The Five: The Untold Lives of the Women Killed by Jack the Ripper
terez93 avatar reviewed on + 273 more book reviews


"I write for those women who do not speak, for those who do not have a voice because they were so terrified, because we are taught to respect fear more than ourselves. We've been taught that silence would save us, but it won't."
-Audre Lorde

The entire premise of this exhaustively researched social history is laudable: even in this famous case, typically, as usual, the names of the victims are spoken only in passing, and even then, the attention is almost always squarely focused on the killer, in this case, the nameless murderer known only by his sensationalized moniker, an invention of an enterprising newspaperman looking to sell an image of horror. The five women the killer brutalized, tortured and slaughtered on the streets of Victorian London often appear as little more than footnotes. Discussion of their bleak lives typically take the form of lurid descriptions of their hideous wounds, sometimes placed in the historical context of the squalid and violent surroundings in which they spent their short lives.

This thorough history, in contrast, treats the women as the individuals they were: mothers, daughters, sisters, wives, lovers, friends, and persons with aspirations and lives all their own. This attempt at "re-centering the margins" is long overdue in this particular sub-genre of "true crime." Poignantly, the author writes: "They were worth more to us than the empty human shells we have taken them for... The courses their lives took mirrored that of so many other women of the Victorian age; and yet were so singular in the way they ended. It is for them that I write this book. I do so in the hope that we may now hear their stories clearly and give back to them that which was so brutally taken away with their lives: their dignity." It juxtaposes the splendor of Queen Victoria's Diamond Jubilee celebration, with all its pomp and pageantry, with the lives of ordinary working Londoners and migrants, and the disparity is striking.
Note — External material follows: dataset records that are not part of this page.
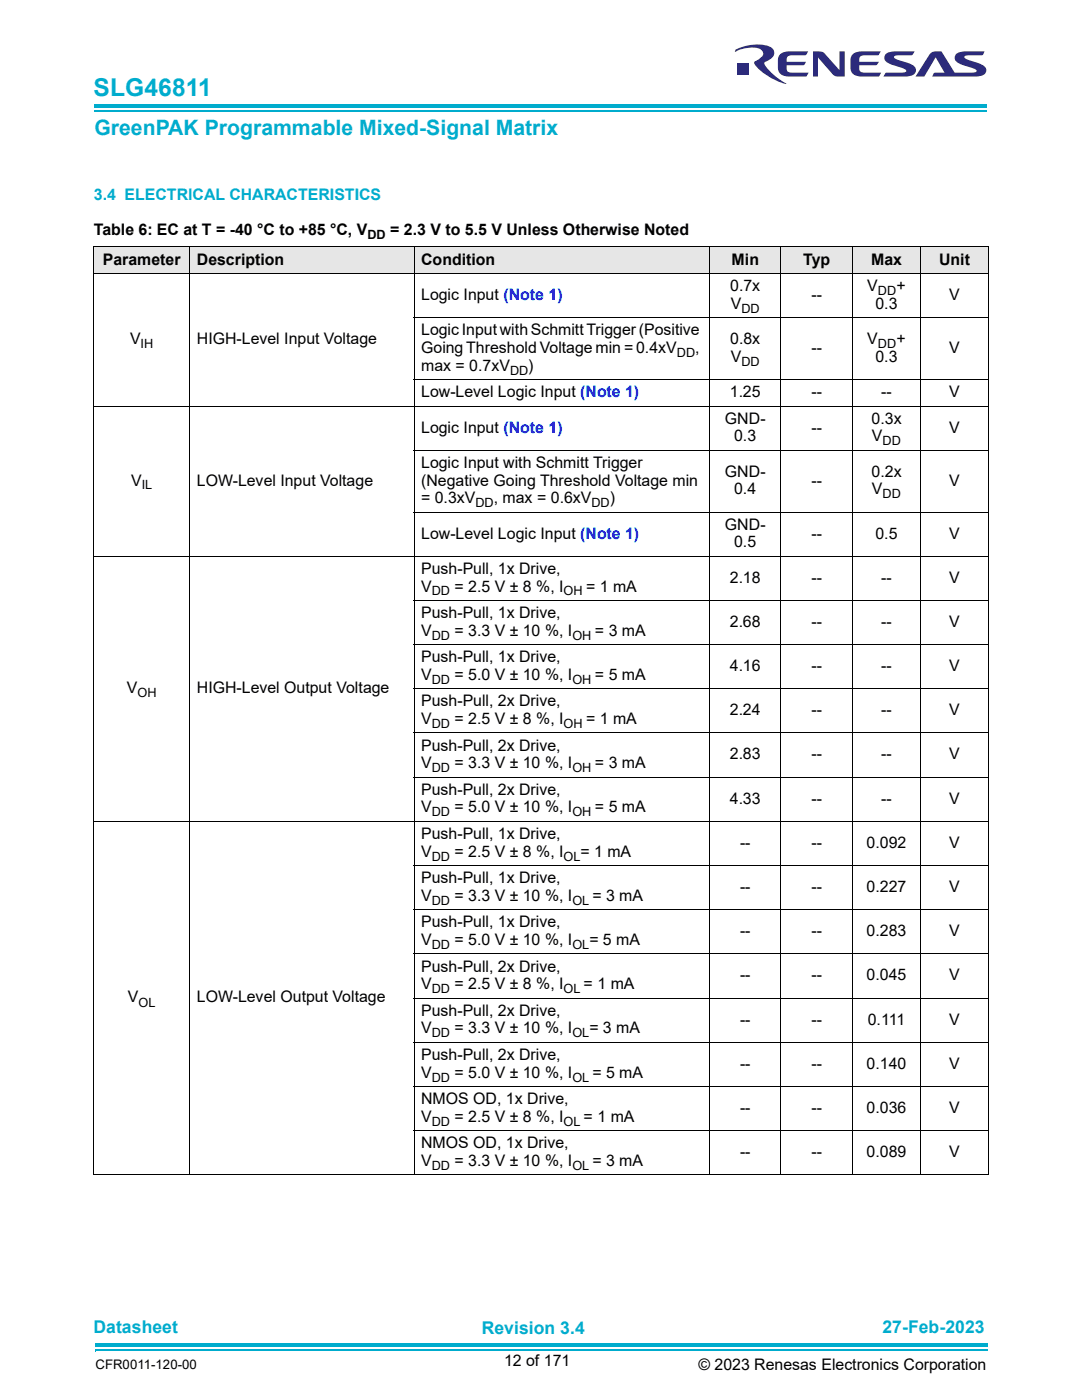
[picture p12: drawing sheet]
<svg xmlns="http://www.w3.org/2000/svg" width="216mm" height="279mm" viewBox="0 0 216 279" stroke-linecap="round" stroke-linejoin="round" font-family="sans-serif">
<defs><g id="words">
<text font-size="4.9" fill="#00accd" x="18.7" y="19.1">SLG46811</text>
<text font-size="4.2" fill="#00accd" x="18.8" y="26.9">GreenPAK Programmable Mixed-Signal Matrix</text>
<g font-size="3.5" fill="#00accd">
<text x="18.7" y="266.1">Datasheet</text>
<text x="96.1" y="266.3">Revision 3.4</text>
<text x="176.1" y="266.1">27-Feb-2023</text>
</g>
<text font-size="3.2" fill="#00accd" x="18.7" y="39.9">3.4 ELECTRICAL CHARACTERISTICS</text>
<g font-size="3.2">
<text x="18.7" y="46.9">Table 6: EC at T = -40 °C to +85 °C, V</text>
<text x="77.9" y="46.9">= 2.3 V to 5.5 V Unless Otherwise Noted</text>
<text x="20.5" y="52.8">Parameter</text>
<text x="39.3" y="52.8">Description</text>
<text x="84" y="52.8">Condition</text>
<text x="146" y="52.8">Min</text>
<text x="160.3" y="52.8">Typ</text>
<text x="173.8" y="52.8">Max</text>
<text x="187.4" y="52.8">Unit</text>
<text x="84" y="59.9">Logic Input (Note 1)</text>
<text x="145.7" y="58.1">0.7x</text>
<text x="161.9" y="59.9">--</text>
<text x="173.1" y="58.1">V</text>
<text x="178.9" y="58.1">+</text>
<text x="189.4" y="59.9">V</text>
<text x="145.8" y="61.6">V</text>
<text x="174.7" y="61.6">0.3</text>
<text x="26" y="68.7">V</text>
<text x="39.3" y="68.7">HIGH-Level Input Voltage</text>
<text x="84" y="66.9">Logic Input with Schmitt Trigger (Positive</text>
<text x="84" y="70.4">Going Threshold Voltage min = 0.4xV</text>
<text x="138.7" y="70.4">,</text>
<text x="145.7" y="68.7">0.8x</text>
<text x="161.9" y="70.4">--</text>
<text x="173.1" y="68.7">V</text>
<text x="178.9" y="68.7">+</text>
<text x="189.4" y="70.4">V</text>
<text x="84" y="74">max = 0.7xV</text>
<text x="105.4" y="74">)</text>
<text x="145.8" y="72.2">V</text>
<text x="174.7" y="72.2">0.3</text>
<text x="84" y="79.2">Low-Level Logic Input (Note 1)</text>
<text x="145.6" y="79.2">1.25</text>
<text x="161.9" y="79.2">--</text>
<text x="175.8" y="79.2">--</text>
<text x="189.4" y="79.2">V</text>
<text x="84" y="86.3">Logic Input (Note 1)</text>
<text x="144.7" y="84.5">GND-</text>
<text x="146.5" y="88.1">0.3</text>
<text x="161.9" y="86.3">--</text>
<text x="173.9" y="84.5">0.3x</text>
<text x="174" y="88.1">V</text>
<text x="189.4" y="86.3">V</text>
<text x="84" y="93.3">Logic Input with Schmitt Trigger</text>
<text x="144.7" y="95.1">GND-</text>
<text x="173.9" y="95.1">0.2x</text>
<text x="26.2" y="96.9">V</text>
<text x="39.3" y="96.9">LOW-Level Input Voltage</text>
<text x="84" y="96.9">(Negative Going Threshold Voltage min</text>
<text x="84" y="100.4">= 0.3xV</text>
<text x="98.6" y="100.4">, max = 0.6xV</text>
<text x="121.7" y="100.4">)</text>
<text x="146.5" y="98.6">0.4</text>
<text x="161.9" y="96.9">--</text>
<text x="174" y="98.6">V</text>
<text x="189.4" y="96.9">V</text>
<text x="84" y="107.5">Low-Level Logic Input (Note 1)</text>
<text x="144.7" y="105.7">GND-</text>
<text x="161.9" y="107.5">--</text>
<text x="174.7" y="107.5">0.5</text>
<text x="189.4" y="107.5">V</text>
<text x="146.5" y="109.2">0.5</text>
<text x="84" y="114.5">Push-Pull, 1x Drive,</text>
<text x="84" y="118.1">V</text>
<text x="90.7" y="118.1">= 2.5 V ± 8 %, I</text>
<text x="117" y="118.1">= 1 mA</text>
<text x="145.6" y="116.3">2.18</text>
<text x="161.9" y="116.3">--</text>
<text x="175.8" y="116.3">--</text>
<text x="189.4" y="116.3">V</text>
<text x="84" y="123.4">Push-Pull, 1x Drive,</text>
<text x="145.6" y="125.1">2.68</text>
<text x="161.9" y="125.1">--</text>
<text x="175.8" y="125.1">--</text>
<text x="189.4" y="125.1">V</text>
<text x="84" y="126.9">V</text>
<text x="90.7" y="126.9">= 3.3 V ± 10 %, I</text>
<text x="118.7" y="126.9">= 3 mA</text>
<text x="84" y="132.2">Push-Pull, 1x Drive,</text>
<text x="84" y="135.7">V</text>
<text x="90.7" y="135.7">= 5.0 V ± 10 %, I</text>
<text x="118.7" y="135.7">= 5 mA</text>
<text x="145.6" y="133.9">4.16</text>
<text x="161.9" y="133.9">--</text>
<text x="175.8" y="133.9">--</text>
<text x="189.4" y="133.9">V</text>
<text x="25.3" y="138.3">V</text>
<text x="39.3" y="138.3">HIGH-Level Output Voltage</text>
<text x="84" y="141">Push-Pull, 2x Drive,</text>
<text x="145.6" y="142.7">2.24</text>
<text x="161.9" y="142.7">--</text>
<text x="175.8" y="142.7">--</text>
<text x="189.4" y="142.7">V</text>
<text x="84" y="144.5">V</text>
<text x="84" y="149.8">Push-Pull, 2x Drive,</text>
<text x="90.7" y="144.5">= 2.5 V ± 8 %, I</text>
<text x="117" y="144.5">= 1 mA</text>
<text x="84" y="153.3">V</text>
<text x="90.7" y="153.3">= 3.3 V ± 10 %, I</text>
<text x="118.7" y="153.3">= 3 mA</text>
<text x="145.6" y="151.6">2.83</text>
<text x="161.9" y="151.6">--</text>
<text x="175.8" y="151.6">--</text>
<text x="189.4" y="151.6">V</text>
<text x="84" y="158.6">Push-Pull, 2x Drive,</text>
<text x="145.6" y="160.4">4.33</text>
<text x="161.9" y="160.4">--</text>
<text x="175.8" y="160.4">--</text>
<text x="189.4" y="160.4">V</text>
<text x="84" y="162.1">V</text>
<text x="84" y="167.4">Push-Pull, 1x Drive,</text>
<text x="90.7" y="162.1">= 5.0 V ± 10 %, I</text>
<text x="118.7" y="162.1">= 5 mA</text>
<text x="84" y="171">V</text>
<text x="90.7" y="171">= 2.5 V ± 8 %, I</text>
<text x="115.8" y="171">= 1 mA</text>
<text x="147.7" y="169.2">--</text>
<text x="161.9" y="169.2">--</text>
<text x="172.9" y="169.2">0.092</text>
<text x="189.4" y="169.2">V</text>
<text x="84" y="176.3">Push-Pull, 1x Drive,</text>
<text x="84" y="179.8">V</text>
<text x="90.7" y="179.8">= 3.3 V ± 10 %, I</text>
<text x="118.2" y="179.8">= 3 mA</text>
<text x="147.7" y="178">--</text>
<text x="161.9" y="178">--</text>
<text x="172.9" y="178">0.227</text>
<text x="189.4" y="178">V</text>
<text x="84" y="185.1">Push-Pull, 1x Drive,</text>
<text x="84" y="188.6">V</text>
<text x="90.7" y="188.6">= 5.0 V ± 10 %, I</text>
<text x="117.6" y="188.6">= 5 mA</text>
<text x="147.7" y="186.9">--</text>
<text x="161.9" y="186.9">--</text>
<text x="172.9" y="186.9">0.283</text>
<text x="189.4" y="186.9">V</text>
<text x="84" y="193.9">Push-Pull, 2x Drive,</text>
<text x="84" y="197.4">V</text>
<text x="90.7" y="197.4">= 2.5 V ± 8 %, I</text>
<text x="116.5" y="197.4">= 1 mA</text>
<text x="147.7" y="195.7">--</text>
<text x="161.9" y="195.7">--</text>
<text x="172.9" y="195.7">0.045</text>
<text x="189.4" y="195.7">V</text>
<text x="25.5" y="200.1">V</text>
<text x="39.3" y="200.1">LOW-Level Output Voltage</text>
<text x="84" y="202.7">Push-Pull, 2x Drive,</text>
<text x="84" y="206.2">V</text>
<text x="90.7" y="206.2">= 3.3 V ± 10 %, I</text>
<text x="117.6" y="206.2">= 3 mA</text>
<text x="147.7" y="204.5">--</text>
<text x="161.9" y="204.5">--</text>
<text x="173.1" y="204.5">0.111</text>
<text x="189.4" y="204.5">V</text>
<text x="84" y="211.5">Push-Pull, 2x Drive,</text>
<text x="84" y="215.1">V</text>
<text x="90.7" y="215.1">= 5.0 V ± 10 %, I</text>
<text x="118.2" y="215.1">= 5 mA</text>
<text x="147.7" y="213.3">--</text>
<text x="161.9" y="213.3">--</text>
<text x="172.9" y="213.3">0.140</text>
<text x="189.4" y="213.3">V</text>
<text x="84" y="220.3">NMOS OD, 1x Drive,</text>
<text x="84" y="223.9">V</text>
<text x="90.7" y="223.9">= 2.5 V ± 8 %, I</text>
<text x="116.5" y="223.9">= 1 mA</text>
<text x="147.7" y="222.1">--</text>
<text x="161.9" y="222.1">--</text>
<text x="172.9" y="222.1">0.036</text>
<text x="189.4" y="222.1">V</text>
<text x="84" y="229.2">NMOS OD, 1x Drive,</text>
<text x="84" y="232.7">V</text>
<text x="90.7" y="232.7">= 3.3 V ± 10 %, I</text>
<text x="118.2" y="232.7">= 3 mA</text>
<text x="147.7" y="230.9">--</text>
<text x="161.9" y="230.9">--</text>
<text x="172.9" y="230.9">0.089</text>
<text x="189.4" y="230.9">V</text>
<text x="100.6" y="272.7">12 of 171</text>
<text x="139.4" y="273.4">© 2023 Renesas Electronics Corporation</text>
</g>
<text font-size="2.6" x="19" y="273.1">CFR0011-120-00</text>
<g font-size="2.5">
<text x="73.3" y="47.7">DD</text>
<text x="175.2" y="58.9">DD</text>
<text x="148" y="62.4">DD</text>
<text x="28.1" y="69.5">IH</text>
<text x="135" y="71.2">DD</text>
<text x="175.2" y="69.5">DD</text>
<text x="101.8" y="74.8">DD</text>
<text x="148" y="73">DD</text>
<text x="176.1" y="88.9">DD</text>
<text x="28.3" y="97.7">IL</text>
<text x="94.9" y="101.2">DD</text>
<text x="118" y="101.2">DD</text>
<text x="176.1" y="99.4">DD</text>
<text x="86.1" y="118.8">DD</text>
<text x="112.4" y="118.8">OH</text>
<text x="86.1" y="127.7">DD</text>
<text x="114.2" y="127.7">OH</text>
<text x="86.1" y="136.5">DD</text>
<text x="114.2" y="136.5">OH</text>
<text x="27.4" y="139.1">OH</text>
<text x="86.1" y="145.3">DD</text>
<text x="112.4" y="145.3">OH</text>
<text x="86.1" y="154.1">DD</text>
<text x="114.2" y="154.1">OH</text>
<text x="86.1" y="162.9">DD</text>
<text x="114.2" y="162.9">OH</text>
<text x="86.1" y="171.8">DD</text>
<text x="112.4" y="171.8">OL</text>
<text x="86.1" y="180.6">DD</text>
<text x="114.2" y="180.6">OL</text>
<text x="86.1" y="189.4">DD</text>
<text x="114.2" y="189.4">OL</text>
<text x="27.6" y="200.9">OL</text>
<text x="86.1" y="198.2">DD</text>
<text x="112.4" y="198.2">OL</text>
<text x="86.1" y="207.1">DD</text>
<text x="114.2" y="207.1">OL</text>
<text x="86.1" y="215.9">DD</text>
<text x="114.2" y="215.9">OL</text>
<text x="86.1" y="224.7">DD</text>
<text x="112.4" y="224.7">OL</text>
<text x="86.1" y="233.5">DD</text>
<text x="114.2" y="233.5">OL</text>
</g>
</g></defs>
<path d="M18.9 268.1h178.1v.7h-178.1z" fill-rule="evenodd" fill="#00accd"/>
<path d="M19 269.5h178" fill="none" stroke="#00accd" stroke-width=".21"/>
<path d="M19 269.6h178.1" fill="none" stroke="#00accd" stroke-width=".2"/>
<path d="M196.9 269.3h.2v.3h-.2z" fill="#00accd"/>
<path d="M18.9 269.4h178.1" fill="none" stroke="#00accd" stroke-width=".2"/>
<path d="M18.9 269.4h.2v.3h-.2z" fill="#00accd"/>
<path d="M18.7 20.7h178.2v.7h-178.2z" fill-rule="evenodd" fill="#00accd"/>
<path d="M18.8 22.1h178.1" fill="none" stroke="#00accd" stroke-width=".21"/>
<path d="M18.8 22.2h178.2" fill="none" stroke="#00accd" stroke-width=".2"/>
<path d="M196.8 21.9h.2v.3h-.2z" fill="#00accd"/>
<path d="M18.8 22h178.1" fill="none" stroke="#00accd" stroke-width=".2"/>
<path d="M18.8 22h.1v.3h-.1z" fill="#00accd"/>
<g fill="#2c2b7b">
<path d="M162.2 10.3h.9a1.62 1.62 0 0 1 1.7 .6l2.7 3.1v-3.7h1.1v5a4.2 4.2 0 0 1-2.3-.3l-3.1-3.5v3.8h-1z"/>
<path d="M155.8 10.7a8 8 0 0 1 3.9-.4h1.6l-.6 .7h-2.6a.98 .98 0 0 0-1.1 1.3h3.8l-.2 .6-.3 .1h-3.3a1.05 1.05 0 0 0 .1 1.2 1.05 1.05 0 0 0 1.1 .3h3.2l-.5 .7-2 .1a3.8 3.8 0 0 1-3.4-.8 5.2 5.2 0 0 1 0-3.4z"/>
<path d="M170.3 10.7a8 8 0 0 1 3.9-.4h1.5l-.4 .7h-.2h-2.5a.98 .98 0 0 0-1.1 1.3h3.9l-.6 .7h-3.4a1.06 1.06 0 0 0 .2 1.2 1.06 1.06 0 0 0 1.1 .3h3.1l-.4 .7-2 .1a3.8 3.8 0 0 1-3.4-.8 5.2 5.2 0 0 1 0-3.4z"/>
<path d="M176.7 10.9a3.5 3.5 0 0 1 2.5-.6h3.3l-.5 .7h-1.4a3.1 3.1 0 0 0-2.2 .3v.1a3.2 3.2 0 0 0 1.8 .9 3.5 3.5 0 0 1 2.5 1.4 1.31 1.31 0 0 1-1.5 1.5l-4.9 .1a1.05 1.05 0 0 1 1.4-.8h.9a3.2 3.2 0 0 0 2.2-.2v-.3l-.8-.5a6.1 6.1 0 0 1-3.4-1.4 1.09 1.09 0 0 1 .1-1.2z"/>
<path d="M185.8 10.6a3 3 0 0 1 2.1-.2l2.6 4.1h1.9a3.4 3.4 0 0 0 2.4-.2l.1-.1a1.1 1.1 0 0 0-1-.7l-.7-.2a3.7 3.7 0 0 1-2.7-1.5 1.31 1.31 0 0 1 1.5-1.5h4.5l-.4 .7h-1.4a3.2 3.2 0 0 0-2.2 .3l.1 .4 1.4 .5a4.1 4.1 0 0 1 2.8 1.5 1.3 1.3 0 0 1-1.5 1.5l-9.3 .1 .3-.6 .2-.2h2l-1.8-3-2.3 3.8h-1.7z"/>
<path d="M147.1 12.7h2.2v2.3h-2.2z"/>
<path d="M146.8 9.9a8.8 8.8 0 0 1 7-.5 1.41 1.41 0 0 1 .7 1.4 1.41 1.41 0 0 1-1.1 1.2l-.7 .3a.38 .38 0 0 0-.1 .7 12.7 12.7 0 0 0 4.3 3.7 10.8 10.8 0 0 1-6.4-4.1l.1-.4 .6-.2a1.57 1.57 0 0 0 1-1.6 1.92 1.92 0 0 0-1.9-.9 6.9 6.9 0 0 0-3.6 .8z"/>
</g>
<g fill="#e6e6e6">
<path d="M18.7 49.3h19.2v5.3h-19.2z"/>
<path d="M37.9 49.3h44.7v5.3h-44.7z"/>
<path d="M82.6 49.3h59v5.3h-59z"/>
<path d="M141.6 49.3h14.2v5.3h-14.2z"/>
<path d="M155.8 49.3h14.3v5.3h-14.3z"/>
<path d="M170.1 49.3h13.6v5.3h-13.6z"/>
<path d="M183.7 49.3h13.6v5.3h-13.6z"/>
</g>
<g fill="none" stroke="#000" stroke-width=".2">
<path d="M18.6 49.3h178.8M18.6 54.6h178.8M18.7 49.4v185M37.9 49.2v185.4M82.6 49.2v185.4M141.6 49.2v185.4M155.8 49.2v185.4M170.1 49.2v185.4M183.7 49.2v185.4M197.3 49.4v185M82.5 63.4h114.9M82.5 75.7h114.9"/>
<path d="M18.6 81h178.8M82.5 89.8h114.9M18.6 111h178.8M82.5 102.2h114.9M82.5 119.8h114.9M82.5 128.7h114.9M82.5 137.5h114.9M82.5 146.3h114.9M82.5 155.1h114.9M18.6 163.9h178.8M82.5 172.7h114.9M82.5 181.6h114.9"/>
<path d="M82.5 190.4h114.9M82.5 199.2h114.9M82.5 208h114.9M82.5 216.8h114.9M18.6 234.5h178.8M82.5 225.6h114.9"/>
</g>
<use href="#words"/>
</svg>

It's remarkable that so much evidence exists about the five women described herein. One of the most startling claims made by the book is that, despite their unfortunate circumstances, potentially only one of the victims was actually a prostitute. The general attitude of the day was that all women in such standing at some point were sex workers, but the author does an admirable job in dispelling this generalization. Another important factor to consider is that, if the murderer was not, in fact, targeting prostitutes, who were his intended victims? According to Rubenhold, the killer, far from luring them into dark alleys for sex, instead simply targeted women while they slept. She wisely questions some of the information which has hitherto been taken largely at face value, choosing to eschew many of the salacious newspaper reports about the murders and "witness" accounts who were completely unfamiliar with the women or their activities at all before they were killed.

The portrait illustrated here suggests that, in contrast to the specific targeting of "fallen" unfortunates, classifying the killings as what would today be called "public service" murders, where a killer acts out of the belief that they are helping to "clean up" an area or community, or to root out vice, the victims here were targeted simply because they were women: homeless, indigent, and sleeping "rough" out in the open, with no protection from the elements or from those who wished to do them harm, the murderer simply killed any defenseless woman he happened upon. Rubenhold notes that nearly all of the victims were killed in a reclining position, suggesting that, with the lack of noise or apparent struggle, the victims were simply attacked while they slept. This practice would also be in keeping with several modern-day cases of serial killers who target the homeless. It would also raise the question as to whether any men were similarly attacked; if the police and investigators erroneously believed that the only victims were prostitutes, they may not have connected attacks on male victims, as a cut throat was far from uncommon in the seedy slums of Victorian London.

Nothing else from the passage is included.